» **TASK TO CARRY OUT**: Check each line of the data, and copy those where "object" appears.

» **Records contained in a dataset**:

* * * *

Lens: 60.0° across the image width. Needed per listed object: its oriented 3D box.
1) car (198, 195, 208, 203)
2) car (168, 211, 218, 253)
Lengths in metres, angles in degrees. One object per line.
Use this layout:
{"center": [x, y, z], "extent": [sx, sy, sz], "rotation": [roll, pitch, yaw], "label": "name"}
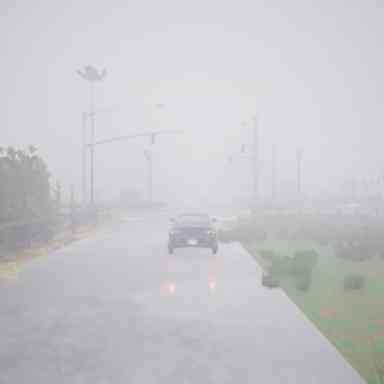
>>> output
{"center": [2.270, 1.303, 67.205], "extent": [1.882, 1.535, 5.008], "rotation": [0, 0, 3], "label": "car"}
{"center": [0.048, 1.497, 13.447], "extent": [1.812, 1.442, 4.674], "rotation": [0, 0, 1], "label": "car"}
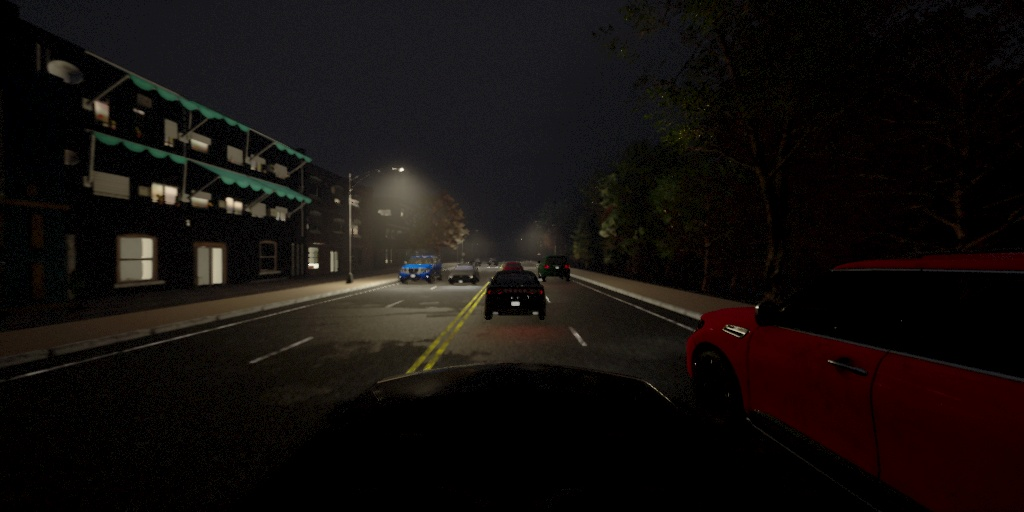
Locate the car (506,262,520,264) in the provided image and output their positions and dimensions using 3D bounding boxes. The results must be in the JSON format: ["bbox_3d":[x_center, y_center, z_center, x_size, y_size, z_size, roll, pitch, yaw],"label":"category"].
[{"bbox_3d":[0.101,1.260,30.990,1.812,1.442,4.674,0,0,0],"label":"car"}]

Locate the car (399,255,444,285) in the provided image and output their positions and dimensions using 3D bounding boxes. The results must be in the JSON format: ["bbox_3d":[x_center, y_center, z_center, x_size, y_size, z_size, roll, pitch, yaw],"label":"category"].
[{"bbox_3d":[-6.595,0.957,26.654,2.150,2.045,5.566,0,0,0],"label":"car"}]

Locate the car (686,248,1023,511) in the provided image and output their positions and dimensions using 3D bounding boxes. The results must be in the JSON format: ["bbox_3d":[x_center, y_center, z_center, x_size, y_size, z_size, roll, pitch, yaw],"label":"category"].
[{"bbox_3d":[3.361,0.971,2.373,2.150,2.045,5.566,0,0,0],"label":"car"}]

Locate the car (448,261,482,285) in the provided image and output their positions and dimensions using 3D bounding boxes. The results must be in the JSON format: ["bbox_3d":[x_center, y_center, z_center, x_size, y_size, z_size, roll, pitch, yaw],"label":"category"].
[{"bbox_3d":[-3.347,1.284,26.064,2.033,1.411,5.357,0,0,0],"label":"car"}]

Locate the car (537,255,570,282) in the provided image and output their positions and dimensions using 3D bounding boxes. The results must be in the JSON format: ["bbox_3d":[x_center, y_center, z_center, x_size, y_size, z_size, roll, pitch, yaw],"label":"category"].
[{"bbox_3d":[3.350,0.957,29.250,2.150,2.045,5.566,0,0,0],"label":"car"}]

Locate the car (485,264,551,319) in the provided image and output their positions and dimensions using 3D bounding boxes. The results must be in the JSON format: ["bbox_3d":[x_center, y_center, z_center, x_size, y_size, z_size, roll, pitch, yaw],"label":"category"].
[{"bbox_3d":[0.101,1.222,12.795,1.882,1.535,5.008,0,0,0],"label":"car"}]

* * * *

» **EXERCISE SOLUTION**:
Lens: 60.0° across the image width. Needed per listed object: its oriented 3D box.
Lengths in metres, angles in degrees. One object per line.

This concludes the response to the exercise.